**Aim of the task**
Every entry in the data that follows should come back exactly, pictures aside.

Material provided section start

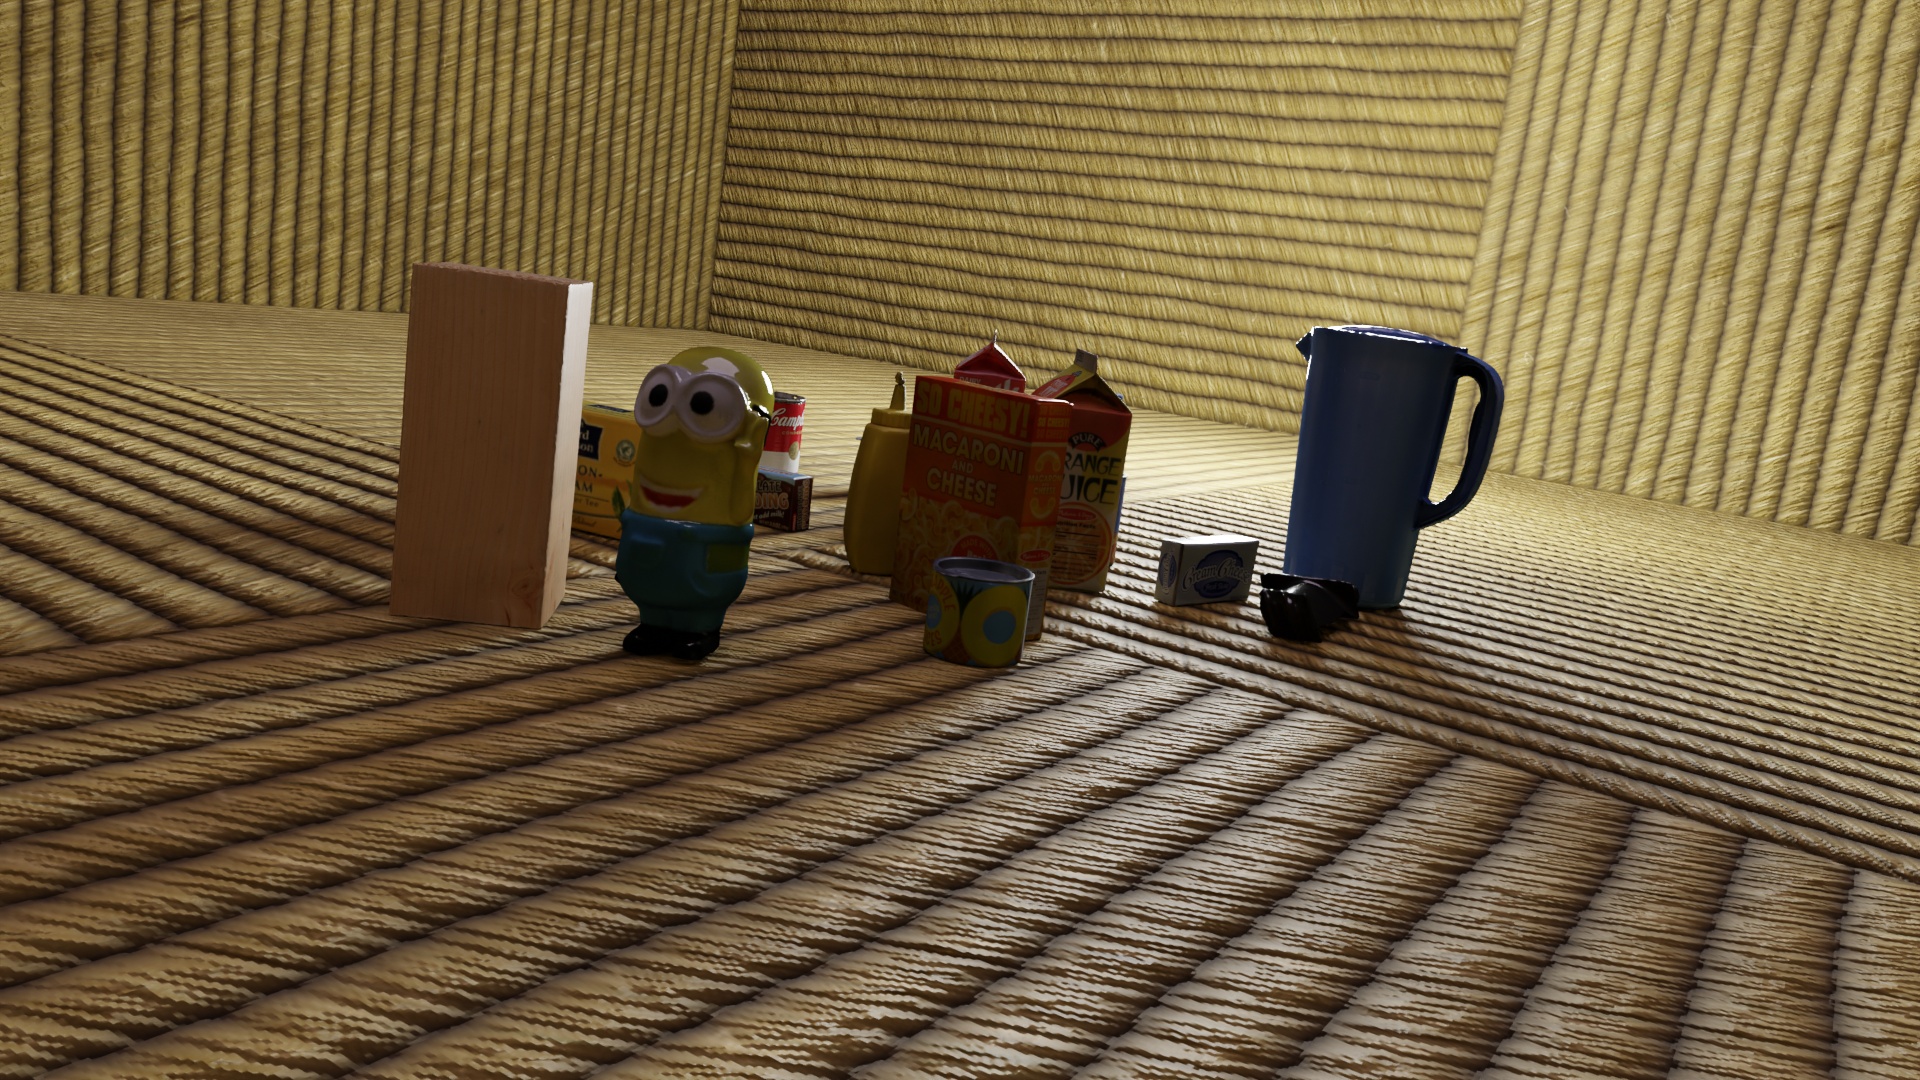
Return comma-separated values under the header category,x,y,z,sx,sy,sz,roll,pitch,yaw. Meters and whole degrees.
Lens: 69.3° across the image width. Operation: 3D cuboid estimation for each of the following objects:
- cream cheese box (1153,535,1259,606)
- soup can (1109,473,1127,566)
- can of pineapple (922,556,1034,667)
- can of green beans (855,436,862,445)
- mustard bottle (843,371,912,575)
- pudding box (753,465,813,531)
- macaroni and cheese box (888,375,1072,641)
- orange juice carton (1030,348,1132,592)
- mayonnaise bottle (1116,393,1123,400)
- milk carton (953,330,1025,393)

Material provided section end

**Response for this exercise**
Return comma-separated values under the header category,x,y,z,sx,sy,sz,roll,pitch,yaw. Meters and whole degrees.
Lens: 69.3° across the image width. Operation: 3D cuboid estimation for each of the following objects:
- cream cheese box (1153,535,1259,606)
- soup can (1109,473,1127,566)
- can of pineapple (922,556,1034,667)
- can of green beans (855,436,862,445)
- mustard bottle (843,371,912,575)
- pudding box (753,465,813,531)
- macaroni and cheese box (888,375,1072,641)
- orange juice carton (1030,348,1132,592)
- mayonnaise bottle (1116,393,1123,400)
- milk carton (953,330,1025,393)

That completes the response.